In an apparent attempt at public relations damage control, the foreign minister paid tribute to Suleimani and Iraqi commander Abu Mahdi al-Muhandis, who was killed in the same strike, at a memorial in Baghdad earlier this week. In an Instagram post documenting the visit, Zarif apologized that his stated policy differences with the deceased general were perceived by so many as a personal slight.
“Those who believe the leak of Zarif’s comments is part of a master plan should be careful. It is possible the leak occurred as the result of domestic political pettiness,” Roule said.
Political expediency, of course, is not relegated to one end of the partisan spectrum. Some observers have noted that it may be Zarif and his supporters who benefit most from the leak. “As his tenure as foreign minister comes to an end, Zarif is seeking to protect his legacy,” Roule added. “As ever, Zarif’s comments are self-serving. Unsurprisingly, he says nothing that puts his personal work in a bad light.”
In his discussion of the Ukraine International Airlines Flight 752 downing that killed 176 people early last year, for example, Zarif said that he implored the IRGC to tell “the truth so we could ‘heal’ the wounds in some way.” Whether or not this is an accurate recollection of the conversation is unknown, but it certainly paints him as a sympathetic figure to Iranian and Western audiences alike.
While these two possibilities are indicative of the regime’s political infighting, some experts believe that the leak was not a leak at all—but rather a carefully orchestrated plan from the supreme leader down to project a mirage of pluralism within the government.

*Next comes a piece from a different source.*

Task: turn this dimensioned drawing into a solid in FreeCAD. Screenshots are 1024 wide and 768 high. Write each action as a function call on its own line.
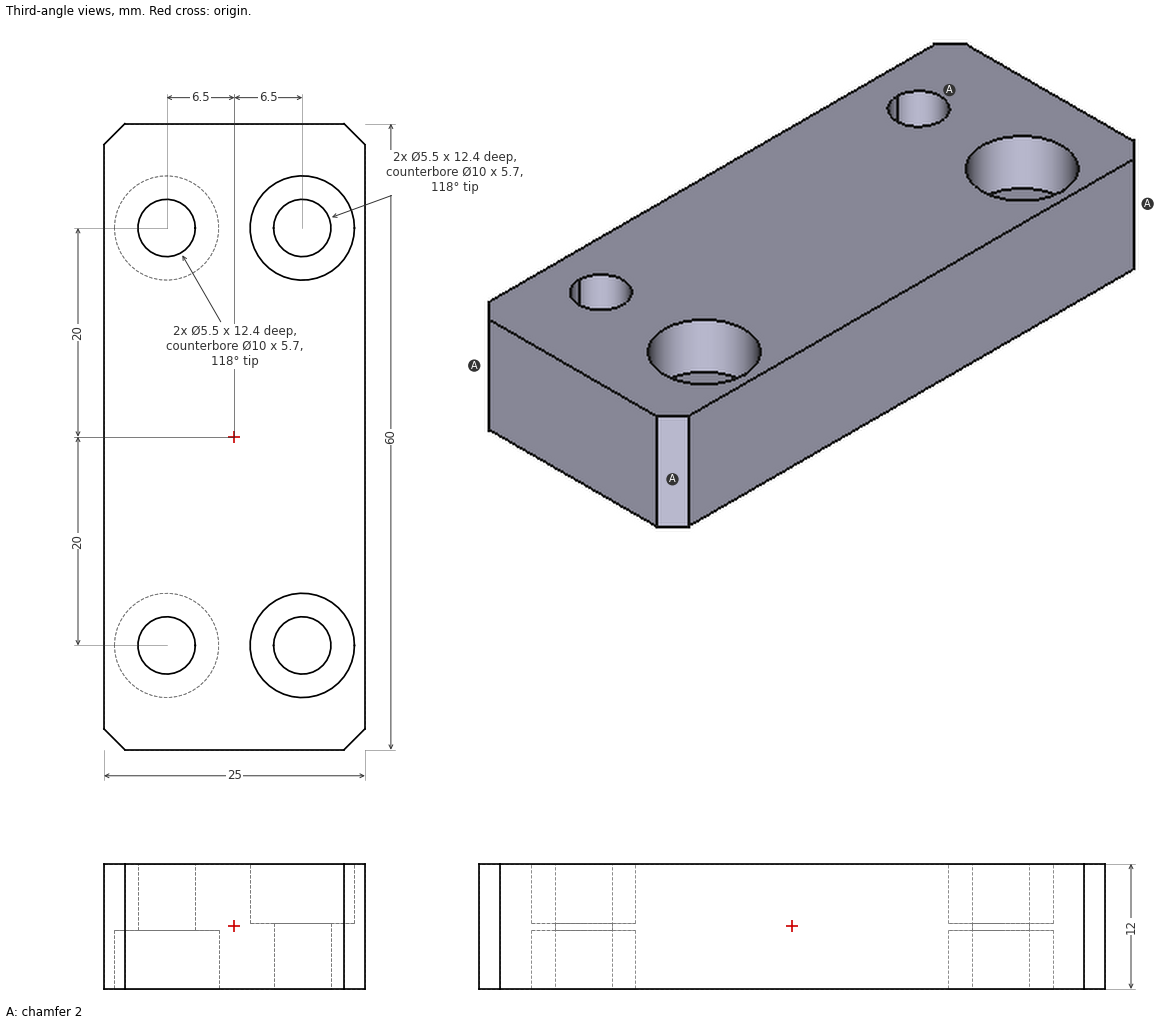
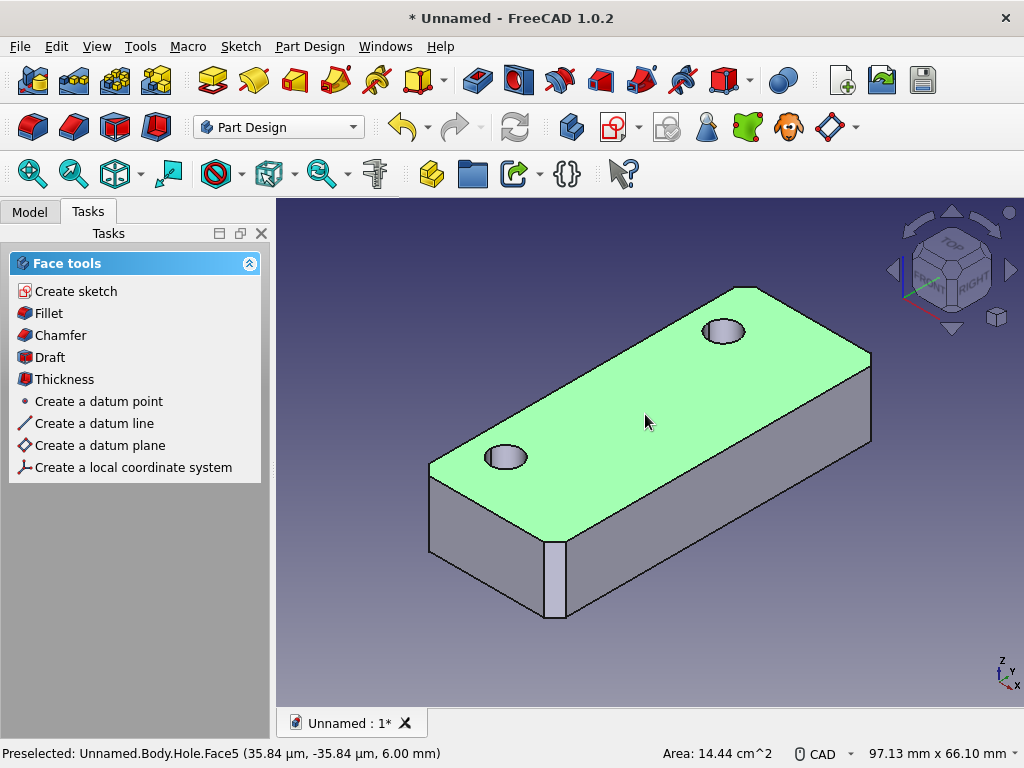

“The intention is to give the impression to the world that there are schisms within the Iranian regime,” Vatanka said. “The supreme leader wants to have this idea that there is a political competition in place in Iran, where you have a group of people who are more conservative and a group of people who are more liberal within the Islamic Republic.”
Zarif is critical in maintaining this notion. As a U.S.-educated, suit-wearing, English-speaking diplomat, he broadcasts “moderation” to Western audiences without stepping on the toes of the institutions actually running the country. “They have this weird, delicate balance where they manage Zarif and make sure he doesn’t make decisions, but at the same time fan him with a little bit of adoration, so he hangs around,” Goldberg explained.
This dynamic could factor in as Tehran seeks to exploit its nuclear file for sanctions relief.
By manufacturing the perception of Zarif as a reasonable actor—regardless of his wholly unreasonable demands, like his recent request that the U.S. lift all nuclear and non-nuclear sanctions imposed since 2015—the regime demonstrates an acute understanding of Western diplomacy, where niceties can trump practicalities.
By accepting the regime’s projection as truth, meanwhile, the United States and Europe demonstrate a total incomprehension of the Islamic Republic’s negotiation tactics.
“Some in the West believe that our engagement will transform the Islamic Republic into a regime that reflects Western political, and even social, values,” Roule explained. “The fact that some ascribe to us this agency is strange, especially given the results of engagement with Russia and China.”